Could you repeat the listing exactly, leaving out the pictures?

[[ Extracted entries open ]]

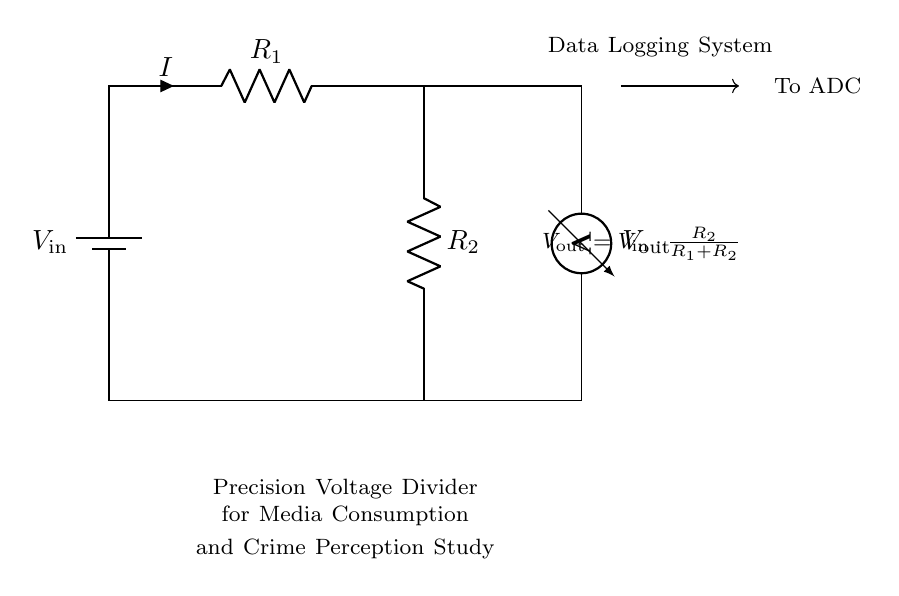What is the input voltage of the circuit? The input voltage is labeled as \( V_\text{in} \) at the battery in the diagram.
Answer: \( V_\text{in} \) What are the resistance values in the circuit? The resistances are labeled as \( R_1 \) and \( R_2 \) in the diagram, but their specific values are not provided here.
Answer: \( R_1 \) and \( R_2 \) What is the formula for the output voltage? The output voltage formula is given in the diagram as \( V_\text{out} = V_\text{in} \cdot \frac{R_2}{R_1+R_2} \), showing how the output is derived from the resistances and input voltage.
Answer: \( V_\text{in} \cdot \frac{R_2}{R_1+R_2} \) How does resistance \( R_2 \) affect the output voltage? \( R_2 \) is in the numerator of the output voltage formula, implying that as \( R_2 \) increases, \( V_\text{out} \) also increases, given constant \( V_\text{in} \) and \( R_1 \).
Answer: Increases What happens to output voltage if \( R_1 \) becomes significantly larger than \( R_2 \)? If \( R_1 \) is much larger than \( R_2 \), the output voltage \( V_\text{out} \) approaches zero, since the ratio \( \frac{R_2}{R_1 + R_2} \) becomes negligible.
Answer: Approaches zero What is the role of the voltmeter in this circuit? The voltmeter is used to measure the output voltage \( V_\text{out} \), indicating the potential difference across the second resistor \( R_2 \).
Answer: Measure output voltage 
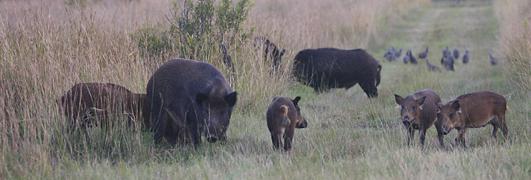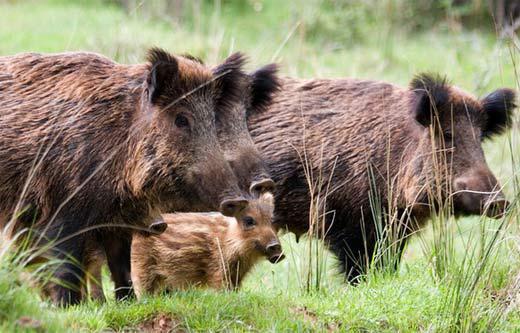The first image is the image on the left, the second image is the image on the right. Considering the images on both sides, is "An image contains multiple dark adult boars, and at least seven striped juvenile pigs." valid? Answer yes or no. No. The first image is the image on the left, the second image is the image on the right. Examine the images to the left and right. Is the description "All boars in the right image are facing right." accurate? Answer yes or no. Yes.

[[ Extracted entries closed ]]

**Solution for this problem:**
What is the input voltage of the circuit? The input voltage is labeled as \( V_\text{in} \) at the battery in the diagram.
Answer: \( V_\text{in} \) What are the resistance values in the circuit? The resistances are labeled as \( R_1 \) and \( R_2 \) in the diagram, but their specific values are not provided here.
Answer: \( R_1 \) and \( R_2 \) What is the formula for the output voltage? The output voltage formula is given in the diagram as \( V_\text{out} = V_\text{in} \cdot \frac{R_2}{R_1+R_2} \), showing how the output is derived from the resistances and input voltage.
Answer: \( V_\text{in} \cdot \frac{R_2}{R_1+R_2} \) How does resistance \( R_2 \) affect the output voltage? \( R_2 \) is in the numerator of the output voltage formula, implying that as \( R_2 \) increases, \( V_\text{out} \) also increases, given constant \( V_\text{in} \) and \( R_1 \).
Answer: Increases What happens to output voltage if \( R_1 \) becomes significantly larger than \( R_2 \)? If \( R_1 \) is much larger than \( R_2 \), the output voltage \( V_\text{out} \) approaches zero, since the ratio \( \frac{R_2}{R_1 + R_2} \) becomes negligible.
Answer: Approaches zero What is the role of the voltmeter in this circuit? The voltmeter is used to measure the output voltage \( V_\text{out} \), indicating the potential difference across the second resistor \( R_2 \).
Answer: Measure output voltage 
The first image is the image on the left, the second image is the image on the right. Considering the images on both sides, is "An image contains multiple dark adult boars, and at least seven striped juvenile pigs." valid? Answer yes or no. No. The first image is the image on the left, the second image is the image on the right. Examine the images to the left and right. Is the description "All boars in the right image are facing right." accurate? Answer yes or no. Yes.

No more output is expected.